ACM Transactions on Computer-Human Interaction | 2001
Bernhard Suhm; Brad A. Myers; Alex Waibel
Although commercial dictation systems and speech-enabled telephone voice user interfaces have become readily available, speech recognition errors remain a serious problem in the design and implementation of speech user interfaces. Previous work hypothesized that switching modality could speed up interactive correction of recognition errors. This article presents multimodal error correction methods that allow the user to correct recognition errors efficiently without keyboard input. Correction accuracy is maximized by novel recognition algorithms that use context information for recognizing correction input.

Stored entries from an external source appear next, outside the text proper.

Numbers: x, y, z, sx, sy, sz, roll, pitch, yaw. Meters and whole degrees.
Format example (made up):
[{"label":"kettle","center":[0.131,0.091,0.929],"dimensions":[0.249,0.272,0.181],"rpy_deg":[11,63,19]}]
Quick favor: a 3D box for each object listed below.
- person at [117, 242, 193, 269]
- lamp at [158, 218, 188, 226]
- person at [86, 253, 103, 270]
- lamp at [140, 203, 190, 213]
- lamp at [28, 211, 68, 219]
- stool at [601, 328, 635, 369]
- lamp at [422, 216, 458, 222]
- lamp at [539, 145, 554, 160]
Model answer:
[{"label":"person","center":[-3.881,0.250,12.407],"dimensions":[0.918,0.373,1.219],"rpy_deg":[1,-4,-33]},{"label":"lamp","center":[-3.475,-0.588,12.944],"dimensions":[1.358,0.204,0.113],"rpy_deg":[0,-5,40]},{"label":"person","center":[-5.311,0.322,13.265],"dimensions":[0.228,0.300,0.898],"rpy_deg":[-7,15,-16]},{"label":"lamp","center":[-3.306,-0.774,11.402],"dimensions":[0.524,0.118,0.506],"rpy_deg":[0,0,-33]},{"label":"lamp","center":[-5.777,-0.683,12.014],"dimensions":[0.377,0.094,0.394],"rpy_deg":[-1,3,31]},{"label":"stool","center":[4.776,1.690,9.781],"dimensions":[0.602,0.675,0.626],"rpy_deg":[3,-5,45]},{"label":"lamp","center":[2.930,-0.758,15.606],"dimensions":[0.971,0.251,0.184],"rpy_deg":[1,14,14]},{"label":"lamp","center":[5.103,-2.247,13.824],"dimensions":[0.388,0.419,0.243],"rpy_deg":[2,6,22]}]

Multimodal error correction is evaluated in the context of a prototype multimodal dictation system. The study shows that unimodal repair is less accurate than multimodal error correction. On a dictation task, multimodal correction is faster than unimodal correction by respeaking. The study also provides empirical evidence that system-initiated error correction (based on confidence measures) may not expedite error correction. Furthermore, the study suggests that recognition accuracy determines user choice between modalities: while users initially prefer speech, they learn to avoid ineffective correction modalities with experience. To extrapolate results from this user study, the article introduces a performance model of (recognition-based) multimodal interaction that predicts input speed including time needed for error correction. Applied to interactive error correction, the model predicts the impact of improvements in recognition technology on correction speeds, and the influence of recognition accuracy and correction method on the productivity of dictation systems. This model is a first step toward formalizing multimodal interaction.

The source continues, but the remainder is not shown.